The error was not caught by the post-election audit: it was only discovered during an investigation into an unrelated issue.
I spoke to local election integrity advocate Lynn Bernstein about whether this type could occur in one of our local counties (edited for length and clarity):
Durham County is a great county to go to on election night. When I was in Durham County, what would happen is the precinct judge would bring in the materials in a box, they would sit at a table across from the board of election staff, and they would go through a checklist and make sure that they were bringing everything back: all the ballots, all the data sticks, all the everything. The election director would take the data stick in his hand and he'd hold it up and he'd announce the precinct number with the board and the public sitting there. So what they were doing is verifying the serial numbers on each stick and loading those in and you could see that data being loaded onto that EMS (Election Management System).
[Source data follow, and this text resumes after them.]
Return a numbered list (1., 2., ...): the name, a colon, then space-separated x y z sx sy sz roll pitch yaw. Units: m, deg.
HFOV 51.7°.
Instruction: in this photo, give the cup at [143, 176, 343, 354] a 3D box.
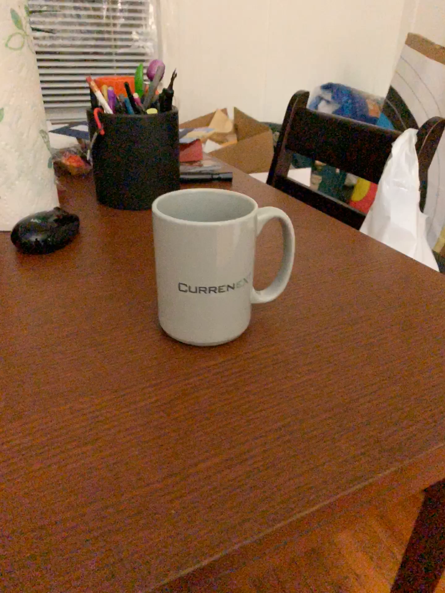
1. cup: 0.010 -0.034 0.403 0.140 0.109 0.101 -7 31 -14
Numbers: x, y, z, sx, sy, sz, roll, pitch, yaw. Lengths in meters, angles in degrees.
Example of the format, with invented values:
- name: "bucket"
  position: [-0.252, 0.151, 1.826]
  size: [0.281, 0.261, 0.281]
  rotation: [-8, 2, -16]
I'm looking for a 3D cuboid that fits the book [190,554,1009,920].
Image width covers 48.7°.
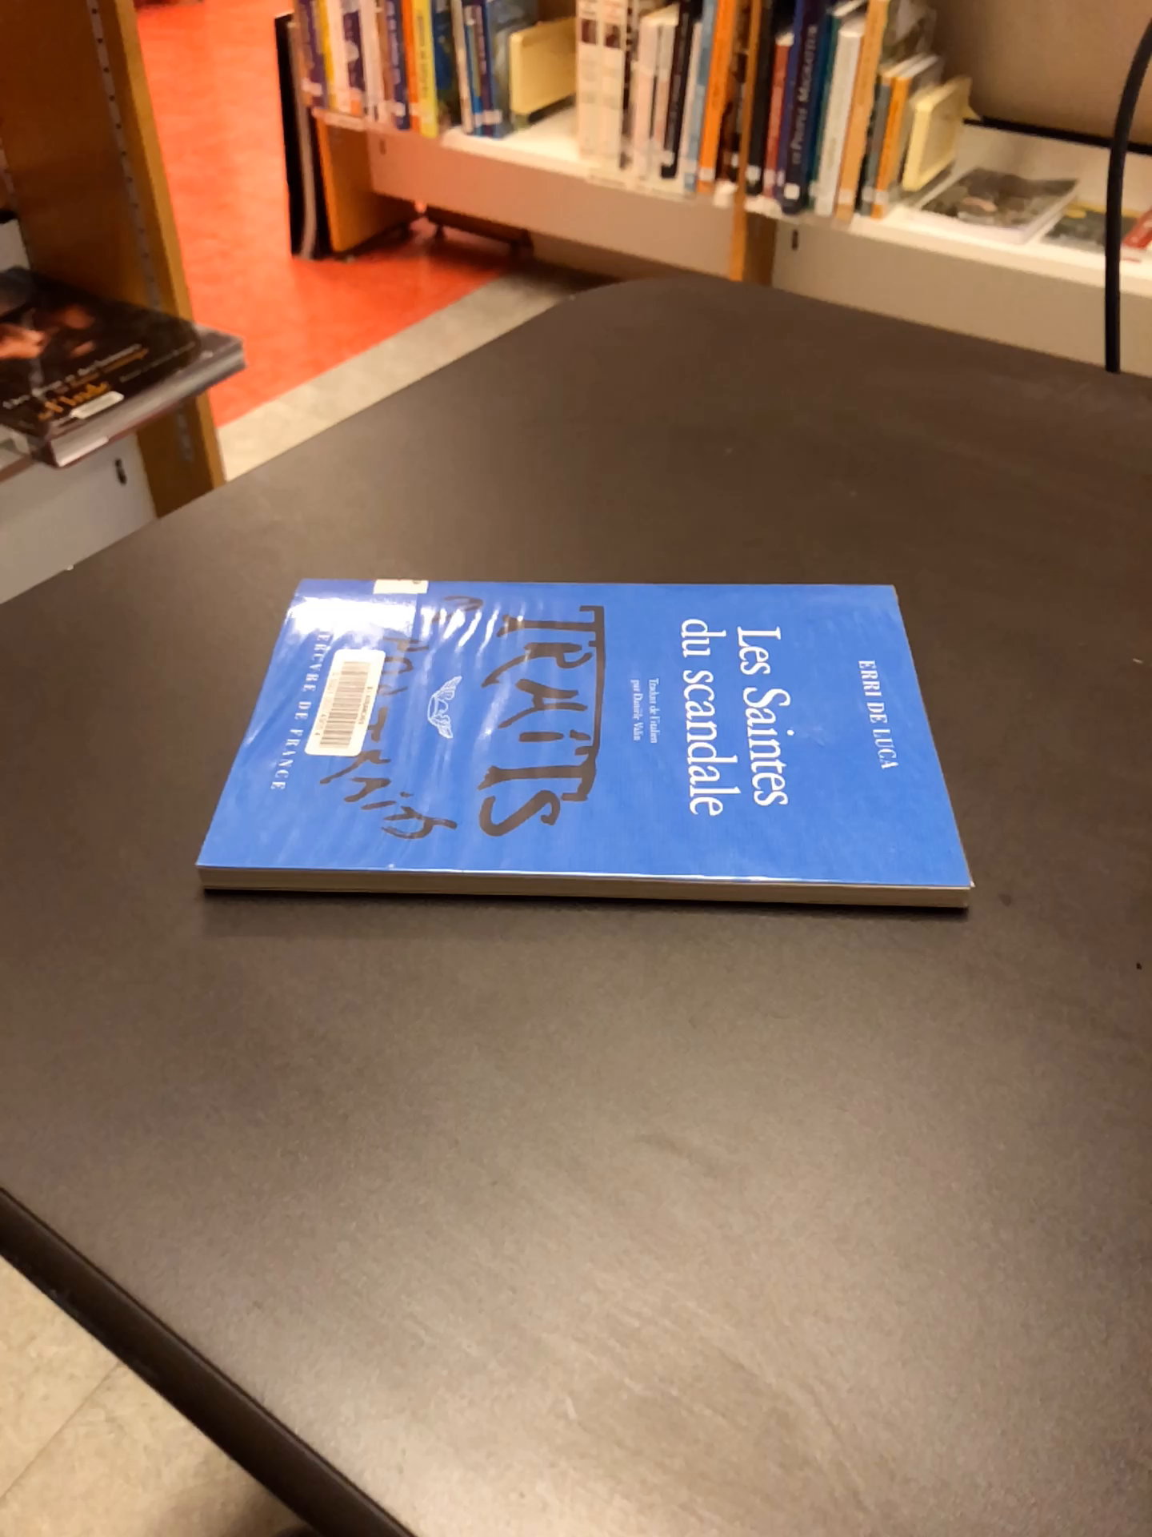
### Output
- name: "book"
  position: [0.008, -0.017, 0.393]
  size: [0.215, 0.017, 0.145]
  rotation: [2, 41, 1]
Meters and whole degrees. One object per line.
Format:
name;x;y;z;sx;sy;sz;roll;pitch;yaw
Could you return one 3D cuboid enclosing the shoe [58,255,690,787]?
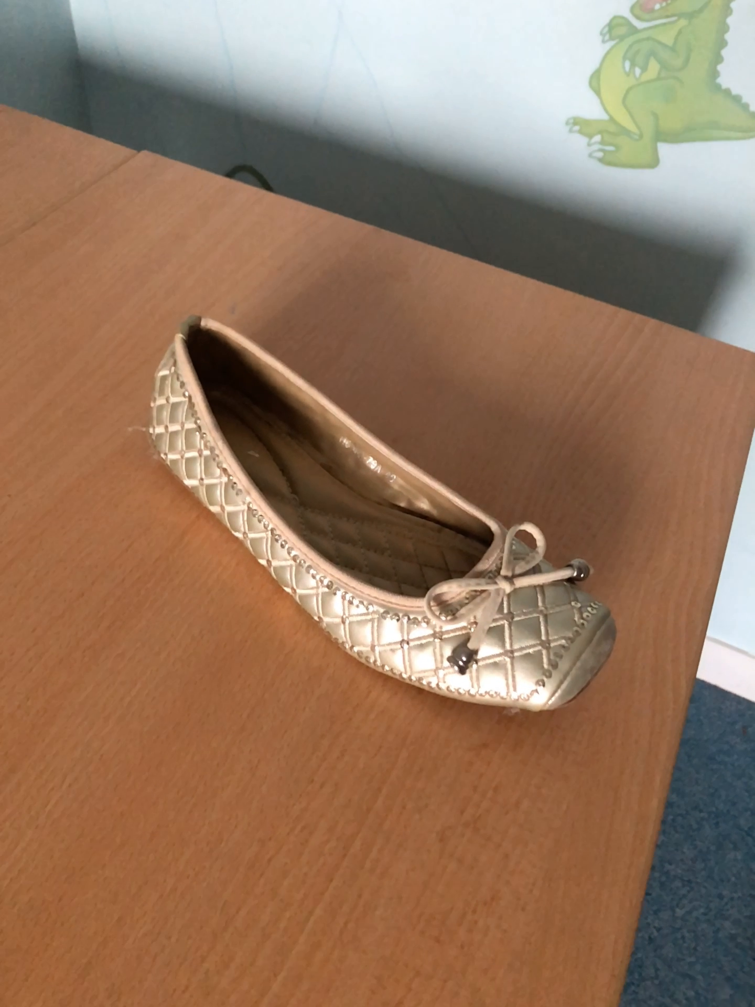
shoe;-0.011;-0.006;0.380;0.260;0.080;0.101;33;53;20

Then they were refreshing the state board website and I'd say within a minute you'd see it pop up on the state board website.
Wake County, on the other hand, does not even allow the public onto the election board property while the results are being brought back to the headquarters on election night.
Wake County is very different. In Wake County they won't let anyone even look through the gate of the property. The General Statutes say that “any member of the public wishing to witness the vote count at any level shall be allowed to do so.” I talked to one of the legislators who enacted that bill and I asked her about it. She said they meant it to include everything and they left it very broad and open because they wanted a very transparent process.
It used to be that North Carolina had all-in-one machines and we used to send all our vote totals remotely via modem. There was no data stick to actually put into a computer at the county board of election. It just went there automatically. So when they switched and said no more remote sending, the state board at the time sent out a directive reminding everyone that as part of the canvass, which every member of the board has to be at, includes putting these data sticks into the machine.
I actually haven't found a single county where the board isn’t all present. Wake County is the only county I’ve found where they only have two members present because they don't want to have a quorum. A quorum means they have to let people in.
Bernstein is currently suing the Wake County Board of Elections after she was banned from their headquarters, where they hold public meetings.